At a table off to the side, an audio engineer was earnestly experimenting with what we guessed were volume levels. We introduced ourselves to a stout, hirsute young man wearing a black shirt, black socks and shoes, and a white acetate tie and white suit with bell-bottomed trousers, who was to be the real star of the show, "Eugene Oregon," although his real name was Paul Schindler.
We began by asking him, while the engineer in the corner of the stage cried "You're back-feeding!" to one person or another, what "live taping" meant. "Live taping," Paul said, "means that whatever happens, the tape will roll." Paul supplied us with the names of the other participants in the taping. Alan Baumgardner would be organist and would supply a number of falsetto voices as need arose. Harry Klein, who was pacing behind a podium, would be the announcer. The engineer's name was Jeff Rubin. At the other side of the stage from the engineer's table sat a young woman in jeans and -a sweat shirt with "MIT Stud House" lettered upon it in white: Paul's fiancée, Sherry Grobstein. She held a number of signs upon which appeared the words, "Laugh," Clap," "Clap a Lot," or "Hiss," one of which she would hold up on occasion during the upcoming taping.
It was by now 2:30. Some five or six persons had appeared, and would comprise the audience. While Harry practiced openings ("Hello, hello friends, and welcome to the Eugene Oregon Show - hey, that's not bad!"), Paul briefed the audience. "Clapping for radio is a fine art," Paul said. "There's a way to clap that makes it sound as if there are twice as many people in the audience. You just clap twice as fast." He suggested that the audience practice clapping, and Sherri held up the sign that said "Clap a Lot."
Then Paul said that the audience should practice laughing. "For small jokes we want a small laugh. Every third joke is a big joke."
"Are you ready?" Paul asked Alan at the organ, who rolled a glissando off to his right and said that he was. Suddenly two more persons appeared in the room., swelling the audience's size to ten. "Ten! Alan! What'd I tell you," Harry said. Paul completed his instructions to the audience: "He'll say, 'The New Eugene Oregon Show!' You'll keep clapping until I calm you down." Alan was experimenting with the organ. A chord swelled from an AR-4x monitor speaker, and Alan announced: "That's gonna be as loud as the organ's gonna get."

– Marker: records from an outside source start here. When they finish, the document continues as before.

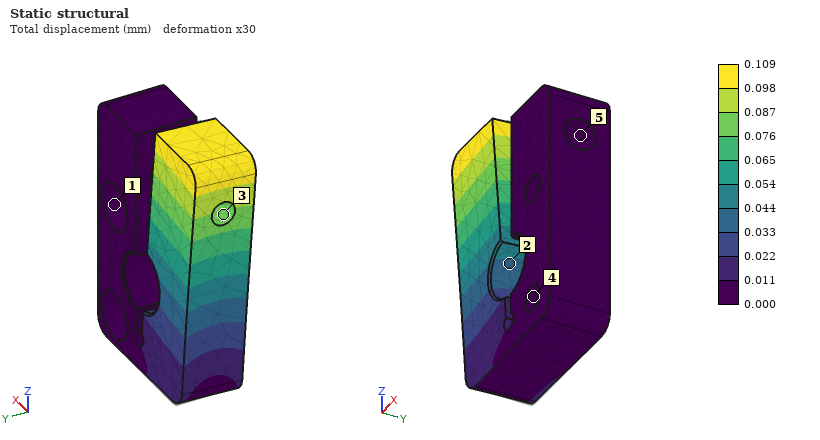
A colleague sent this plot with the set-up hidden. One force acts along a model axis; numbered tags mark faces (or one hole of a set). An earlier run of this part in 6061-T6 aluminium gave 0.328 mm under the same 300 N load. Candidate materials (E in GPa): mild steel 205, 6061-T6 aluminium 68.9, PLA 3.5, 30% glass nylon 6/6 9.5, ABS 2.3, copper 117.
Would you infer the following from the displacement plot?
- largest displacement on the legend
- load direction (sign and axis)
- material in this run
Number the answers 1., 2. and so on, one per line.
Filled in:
1. 0.109 mm
2. -Y
3. mild steel
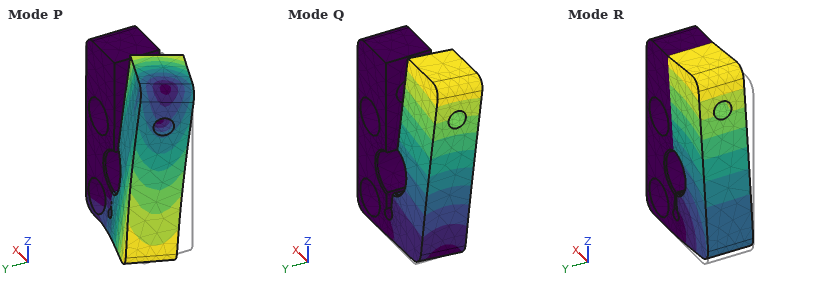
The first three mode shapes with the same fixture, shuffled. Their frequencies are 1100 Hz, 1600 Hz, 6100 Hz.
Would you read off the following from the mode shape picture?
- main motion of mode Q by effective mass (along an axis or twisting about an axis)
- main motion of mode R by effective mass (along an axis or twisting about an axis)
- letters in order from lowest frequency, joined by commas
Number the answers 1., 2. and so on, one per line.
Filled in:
1. along Y
2. along X
3. R, Q, P
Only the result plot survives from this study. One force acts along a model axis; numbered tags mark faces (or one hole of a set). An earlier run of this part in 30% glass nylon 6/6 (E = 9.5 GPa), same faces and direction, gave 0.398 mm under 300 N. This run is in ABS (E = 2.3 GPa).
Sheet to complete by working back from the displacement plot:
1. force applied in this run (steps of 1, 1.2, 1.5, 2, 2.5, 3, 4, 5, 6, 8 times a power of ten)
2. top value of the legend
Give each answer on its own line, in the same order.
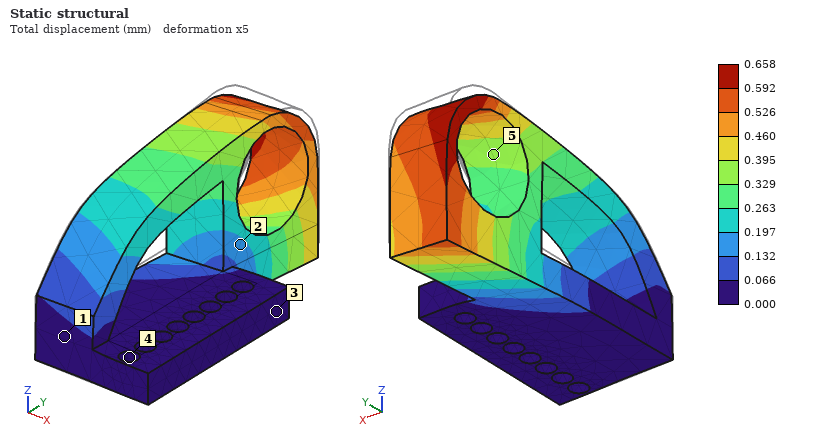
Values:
120 N
0.658 mm
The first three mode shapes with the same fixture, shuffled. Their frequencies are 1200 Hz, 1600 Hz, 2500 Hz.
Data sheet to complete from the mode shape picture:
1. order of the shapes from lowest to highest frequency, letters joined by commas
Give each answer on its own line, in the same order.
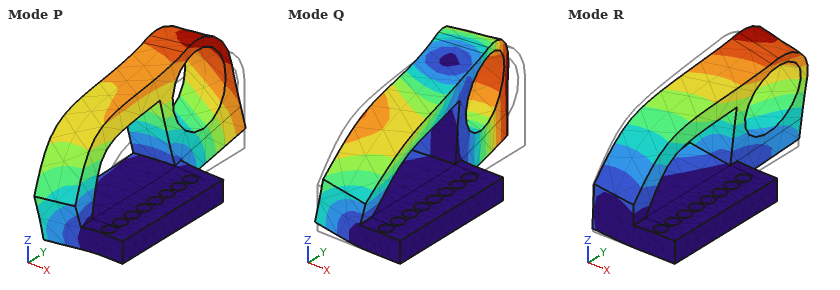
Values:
R, P, Q

'"A little lower," said Jeff from the engineering console. Harry, at his announcer's podium, put on a blue, double-breasted pin stripe jacket, and suggested a rehearsal of at least the show's opening. The others agreed, so Harry began. His opening was drowned out by the enthusiasm of the audience upon the mention of the name of the show, and Harry remained inaudible to us (although Jeff could probably manipulate his levels so that the tape would be alright) until he came to the introduction of Eugene Oregon himself. Paul allowed the applause to continue briefly, an embarrassed smile playing across his face, until, glancing at his fiancée, he noticed that she had held the "Laugh" sign aloft. The rehearsal ended. Harry promised to speak louder. From the engineering console, Jeff announced that all was ready. The signal from "Radio City" would travel over “program lines” to the WTBS studio, where, for protection, the sounds would. be placed on tape on both of the studio's venerable Ampex tape recorders, Alpha and Beta. For a moment, everyone was quiet. Then Harry cried: "The Eugene Oregon Show - take one." "They're small," mumbled Paul, and the live taping began.